> _EXERCISE REQUIREMENTS_
Each line in the records that mentions the word "Keep" needs to be listed.

> _TASK INPUTS_
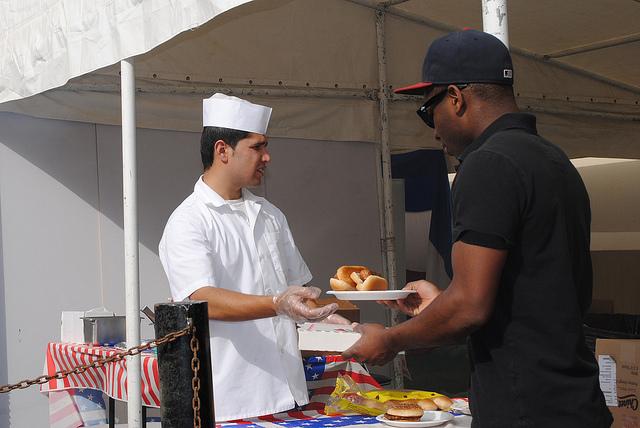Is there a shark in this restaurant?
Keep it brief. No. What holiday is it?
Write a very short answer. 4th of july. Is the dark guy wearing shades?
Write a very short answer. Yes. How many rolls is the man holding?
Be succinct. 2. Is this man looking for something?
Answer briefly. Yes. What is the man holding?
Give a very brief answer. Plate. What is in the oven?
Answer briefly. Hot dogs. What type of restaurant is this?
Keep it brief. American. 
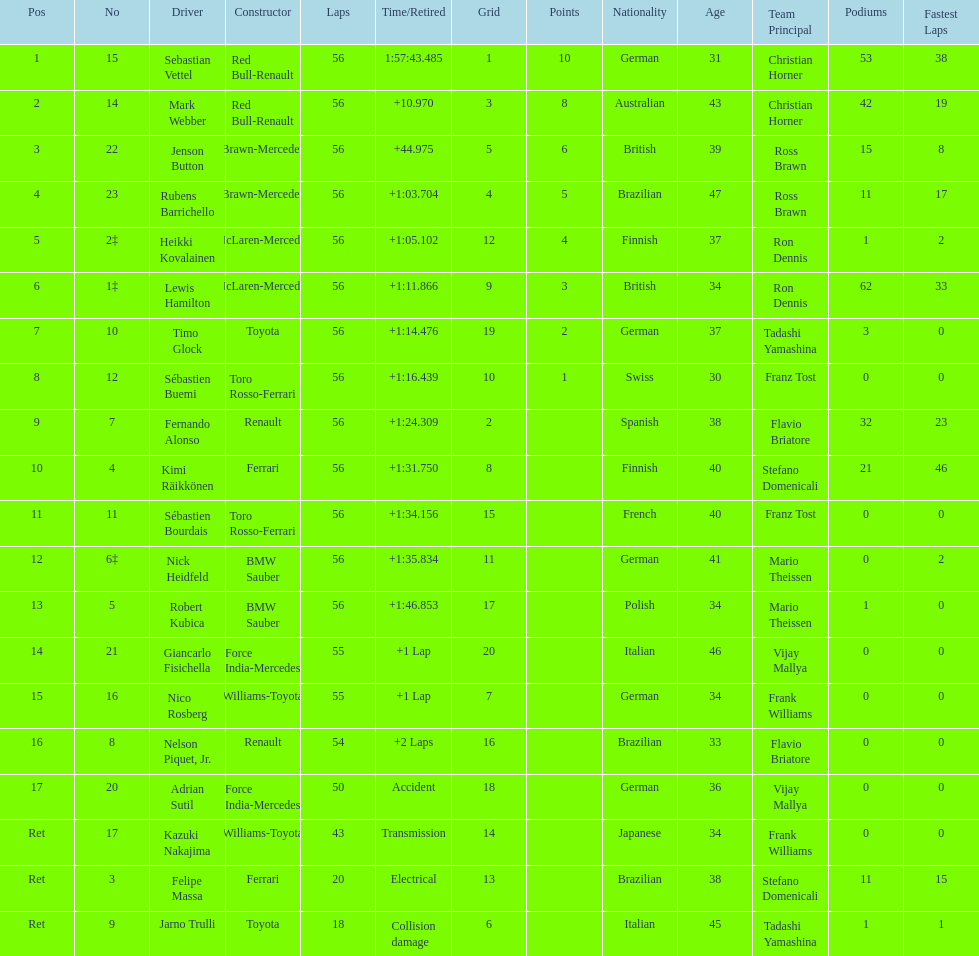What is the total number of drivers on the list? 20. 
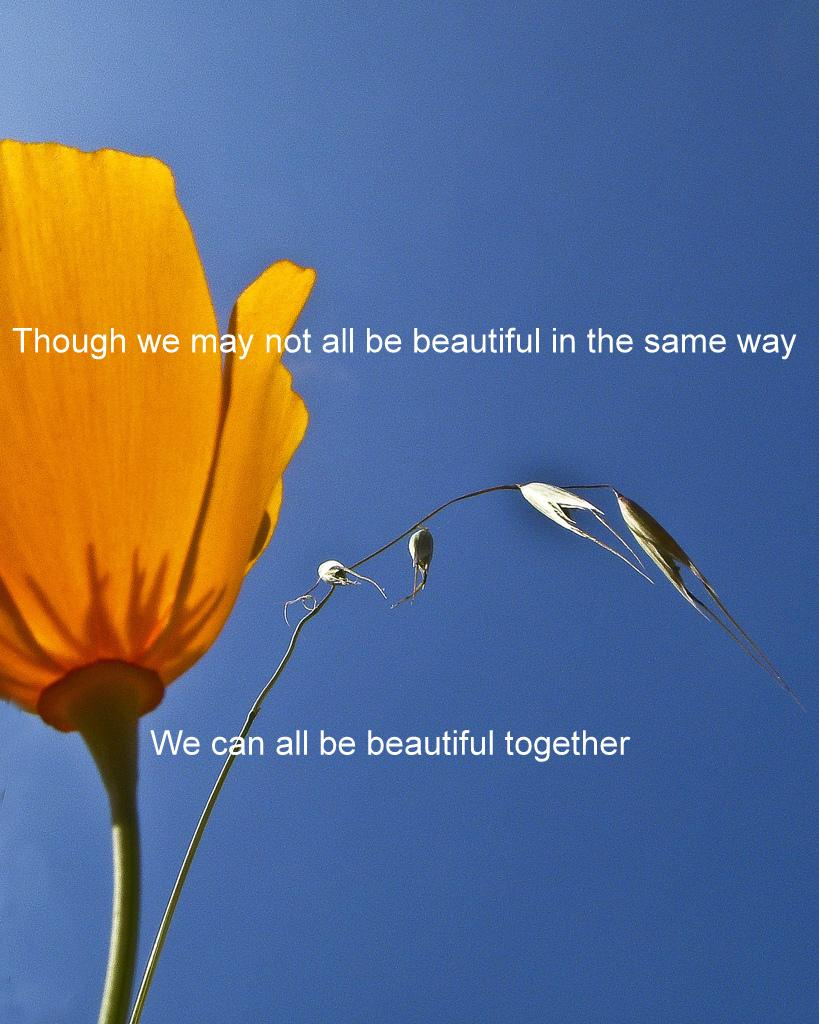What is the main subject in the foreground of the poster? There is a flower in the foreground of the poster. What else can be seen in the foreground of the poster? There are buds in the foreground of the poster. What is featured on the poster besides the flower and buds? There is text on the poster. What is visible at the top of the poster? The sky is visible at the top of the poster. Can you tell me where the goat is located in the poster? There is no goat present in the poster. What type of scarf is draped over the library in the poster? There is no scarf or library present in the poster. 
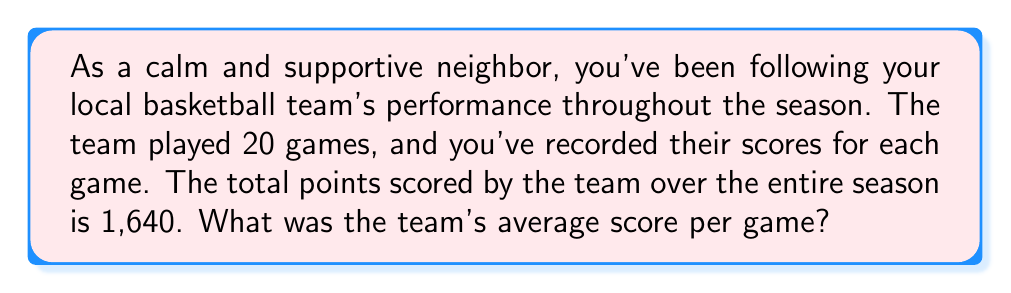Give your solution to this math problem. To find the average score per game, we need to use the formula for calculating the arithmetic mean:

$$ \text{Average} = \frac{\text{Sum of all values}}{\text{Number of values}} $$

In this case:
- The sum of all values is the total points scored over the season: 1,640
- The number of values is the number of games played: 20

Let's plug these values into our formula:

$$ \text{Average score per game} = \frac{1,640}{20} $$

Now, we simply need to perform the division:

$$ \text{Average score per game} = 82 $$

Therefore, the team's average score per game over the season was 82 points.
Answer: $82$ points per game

> _EXERCISE RESULT_
Keep it brief. No. What holiday is it?
Keep it brief. American. 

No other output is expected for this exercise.